• What you will do:
Please restate each line of the material word for word and omit any pictures.

.....

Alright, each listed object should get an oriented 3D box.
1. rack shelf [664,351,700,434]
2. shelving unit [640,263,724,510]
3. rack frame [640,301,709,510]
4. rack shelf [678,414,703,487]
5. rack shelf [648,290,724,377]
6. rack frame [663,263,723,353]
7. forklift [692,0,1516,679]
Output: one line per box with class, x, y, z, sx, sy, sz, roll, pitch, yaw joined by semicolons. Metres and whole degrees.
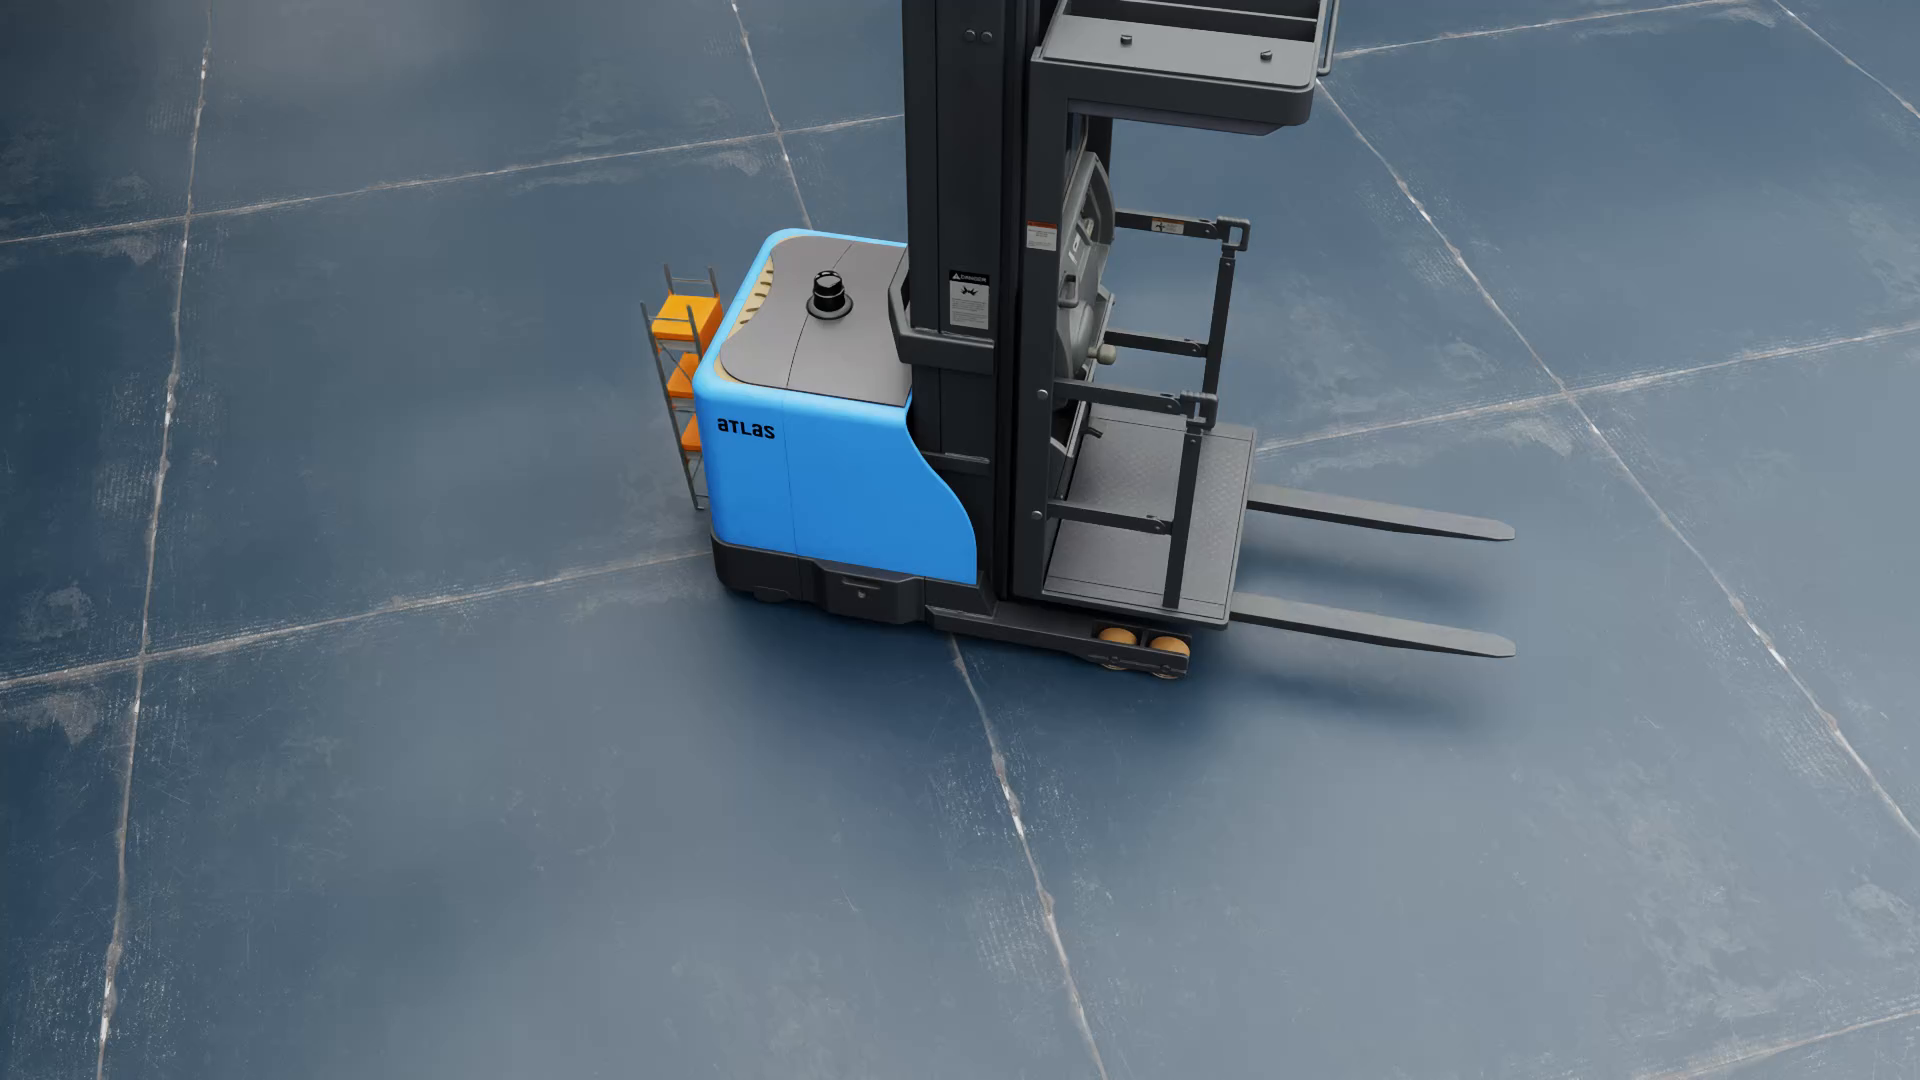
rack shelf;-1.014;-0.574;6.580;0.215;0.259;0.240;6;46;13
shelving unit;-1.015;-0.581;6.573;0.215;1.050;0.252;6;46;13
rack frame;-1.043;-0.496;6.490;0.200;1.050;0.008;6;46;13
rack shelf;-0.992;-0.376;6.774;0.215;0.259;0.240;6;46;13
rack shelf;-1.038;-0.776;6.382;0.215;0.259;0.240;6;46;13
rack frame;-0.988;-0.666;6.656;0.200;1.050;0.008;6;46;13
forklift;0.614;-0.925;5.604;3.031;2.935;1.130;9;46;9

.....

• Problem solution:
Alright, each listed object should get an oriented 3D box.
1. rack shelf [664,351,700,434]
2. shelving unit [640,263,724,510]
3. rack frame [640,301,709,510]
4. rack shelf [678,414,703,487]
5. rack shelf [648,290,724,377]
6. rack frame [663,263,723,353]
7. forklift [692,0,1516,679]
Output: one line per box with class, x, y, z, sx, sy, sz, roll, pitch, yaw joined by semicolons. Metres and whole degrees.
rack shelf;-1.014;-0.574;6.580;0.215;0.259;0.240;6;46;13
shelving unit;-1.015;-0.581;6.573;0.215;1.050;0.252;6;46;13
rack frame;-1.043;-0.496;6.490;0.200;1.050;0.008;6;46;13
rack shelf;-0.992;-0.376;6.774;0.215;0.259;0.240;6;46;13
rack shelf;-1.038;-0.776;6.382;0.215;0.259;0.240;6;46;13
rack frame;-0.988;-0.666;6.656;0.200;1.050;0.008;6;46;13
forklift;0.614;-0.925;5.604;3.031;2.935;1.130;9;46;9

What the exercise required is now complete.